La vidéo amateur - montrant les brigadiers une matraque à la main, avec un jeune au pantalon baissé - reprise par les médias et sur les réseaux sociaux suscite de nombreuses réactions. Après son transport à l’hôpital, un médecin avait diagnostiqué à la victime « une plaie longitudinale du canal anal » et une « section du muscle sphinctérien », et lui avait prescrit 60 jours d’incapacité totale de travail (ITT). Alex*, 27 ans, a participé aux émeutes urbaines en 2005 et déplore dans un premier temps  l’instrumentalisation de la vidéo par l’extrême droite. Puis, le jeune homme n’exclue pas d’éventuelles représailles. « Si la police avait fait cela à mon frère, je les aurais tués », s’exclame-t-il avec deux autres amis. « Il pourrait rester handicapé toute sa vie », note également un jeune homme à la terrasse d’un café, dans ce quartier où le malaise semble bien plus profond.
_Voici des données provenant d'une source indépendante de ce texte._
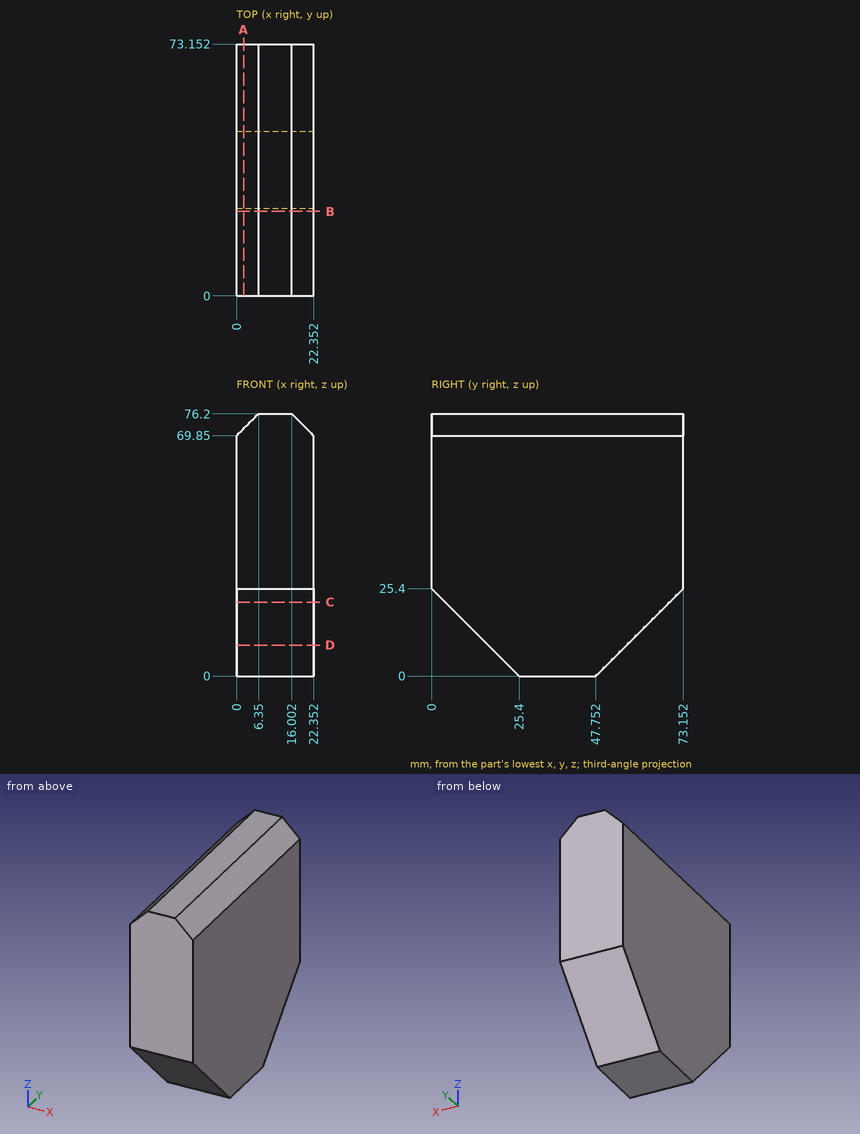
The figure shows three views and two pictorial views of one solid part (mm, origin at its lowest corner). Answer the questions. Round coordinates to 2 decimals unless told otherwise and drop trailing zeros. Order: outer loops, then holes, each group sorted by start corner. A loop starts at its lowest first (then second) coordinate and runs counter-clockwise, first axis right, second up. Notation, with made-up numbers: (-30, 50) - (15, 50) arc R27 ccw to (15, 84) - close; hole circle Ø8 at (31.25, 61.25). An arc over 180 degrees is marked (long way). Write item = value, one per line. Start each with the question number.
1) Given pin 1 (12 mm diameter, centred on x = 9, z = 14, fed in from +Y); pin 2 (12 mm diameter, centred on x = 15, z = 11.5, fed in from -Y); pin 3 (6 mm diameter, centred on x = 10.5, y = 12, fed in from -Z), each flat-ended and moving along its own axis, determine where each tip first touches the part or whether it passes through.
2) Section B-B, the plane y = 24.5 is taken. Write down the section's boundary in (x, z), plus the area to 3 significant figures.
3) Section A-A, the plane x = 2 is taken. Write down the section's boundary in (y, z).
4) Section C-C, the plane z = 21.5 is taken. Write down the section's boundary in (x, y).
5) Section D-D, the plane z = 9 is taken. Write down the section's boundary in (x, y).
6) Straight lines are drawn through the part: L1, parallel to Y at x = 15.75, z = 23; L2, parallel to Z at x = 15.5, y = 62.5; L3, parallel to Z at x = 21.75, y = 47.5. For each, find the intervals that lie inside material, in ascending order.
Results list:
q1.pin_1 = 67.75
q1.pin_2 = 7.9
q1.pin_3 = 10.4
q2.outline = (0, 0.9) - (22.35, 0.9) - (22.35, 69.85) - (16, 76.2) - (6.35, 76.2) - (0, 69.85) - close
q2.area = 1,640 mm^2
q3.outline = (0, 25.4) - (25.4, 0) - (47.75, 0) - (73.15, 25.4) - (73.15, 71.85) - (0, 71.85) - close
q4.outline = (0, 3.9) - (22.35, 3.9) - (22.35, 69.25) - (0, 69.25) - close
q5.outline = (0, 16.4) - (22.35, 16.4) - (22.35, 56.75) - (0, 56.75) - close
q6.L1 = 2.4 to 70.75
q6.L2 = 14.75 to 76.2
q6.L3 = 0 to 70.45
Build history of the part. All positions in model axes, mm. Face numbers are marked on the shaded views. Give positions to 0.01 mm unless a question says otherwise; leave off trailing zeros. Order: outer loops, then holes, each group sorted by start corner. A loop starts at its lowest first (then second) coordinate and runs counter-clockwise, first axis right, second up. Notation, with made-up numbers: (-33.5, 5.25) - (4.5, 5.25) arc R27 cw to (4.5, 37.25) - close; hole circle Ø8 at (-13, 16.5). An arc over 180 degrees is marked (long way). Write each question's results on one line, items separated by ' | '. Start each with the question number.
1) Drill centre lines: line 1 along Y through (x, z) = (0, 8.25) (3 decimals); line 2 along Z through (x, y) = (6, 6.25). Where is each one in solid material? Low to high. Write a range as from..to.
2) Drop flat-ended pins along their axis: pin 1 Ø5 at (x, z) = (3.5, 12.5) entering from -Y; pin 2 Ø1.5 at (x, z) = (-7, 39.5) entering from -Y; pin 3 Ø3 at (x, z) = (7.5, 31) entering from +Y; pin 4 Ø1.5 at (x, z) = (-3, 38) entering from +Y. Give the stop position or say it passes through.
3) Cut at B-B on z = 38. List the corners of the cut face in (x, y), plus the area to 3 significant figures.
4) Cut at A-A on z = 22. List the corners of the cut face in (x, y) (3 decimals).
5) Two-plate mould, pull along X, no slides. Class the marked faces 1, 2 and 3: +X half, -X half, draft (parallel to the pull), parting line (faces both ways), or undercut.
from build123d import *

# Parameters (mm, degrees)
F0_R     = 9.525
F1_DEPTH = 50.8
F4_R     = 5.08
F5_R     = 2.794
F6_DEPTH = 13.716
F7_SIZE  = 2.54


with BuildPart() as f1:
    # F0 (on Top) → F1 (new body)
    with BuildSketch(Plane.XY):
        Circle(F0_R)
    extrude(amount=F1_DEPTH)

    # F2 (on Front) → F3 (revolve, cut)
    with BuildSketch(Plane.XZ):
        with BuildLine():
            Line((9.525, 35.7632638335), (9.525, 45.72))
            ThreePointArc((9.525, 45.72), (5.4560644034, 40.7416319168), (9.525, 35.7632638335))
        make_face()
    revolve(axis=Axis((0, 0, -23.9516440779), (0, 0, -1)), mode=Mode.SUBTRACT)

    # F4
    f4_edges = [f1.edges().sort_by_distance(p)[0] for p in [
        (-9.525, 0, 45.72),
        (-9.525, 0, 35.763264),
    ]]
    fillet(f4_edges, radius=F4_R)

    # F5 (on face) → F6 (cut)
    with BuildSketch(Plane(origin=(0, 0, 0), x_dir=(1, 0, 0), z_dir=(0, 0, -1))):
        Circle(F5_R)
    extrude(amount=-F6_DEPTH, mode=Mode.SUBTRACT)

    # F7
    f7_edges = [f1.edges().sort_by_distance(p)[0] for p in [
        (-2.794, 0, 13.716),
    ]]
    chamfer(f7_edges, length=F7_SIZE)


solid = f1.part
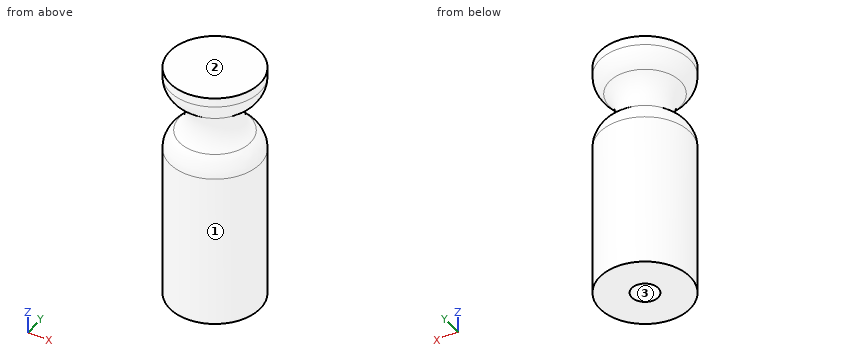
Results:
1) line 1: -9.525..-2.794, 2.794..9.525 | line 2: 0..35.44, 46.04..50.8
2) pin 1: y = -9.47 | pin 2: through | pin 3: y = 7.4 | pin 4: y = 6.23
3) outline: circle Ø12.52 at (0, 0) | area: 123 mm^2
4) outline: circle Ø19.05 at (0, 0)
5) face 1: parting line | face 2: draft | face 3: undercut

« On nous aime quand on brille dans le sport mais sinon, on se fait insulter. On est plusieurs à avoir un casier de judiciaire ici, je n’irai donc plus à l’affrontement avec les flics. Mais si les "petits" veulent le faire, je ne les en empêcherai pas », reprend Alex.

Ce fonctionnaire, d’à peine 30 ans, est aujourd’hui désabusé. « Ces policiers suspectés finiront par être mutés. Nous, ici, on a peu de marge de manœuvre pour bouger, travailler. Regardez, dans le projet du Grand Paris Express, personne d’Aulnay-sous-Bois n’a été embauché ». D'une allée rénovée depuis peu, le jeune homme analyse l’évolution des 3000. « Une partie du quartier a été refait. Mais tout ce qu’on sait faire ici, c’est mettre de l’argent dans le béton », déplore-t-il.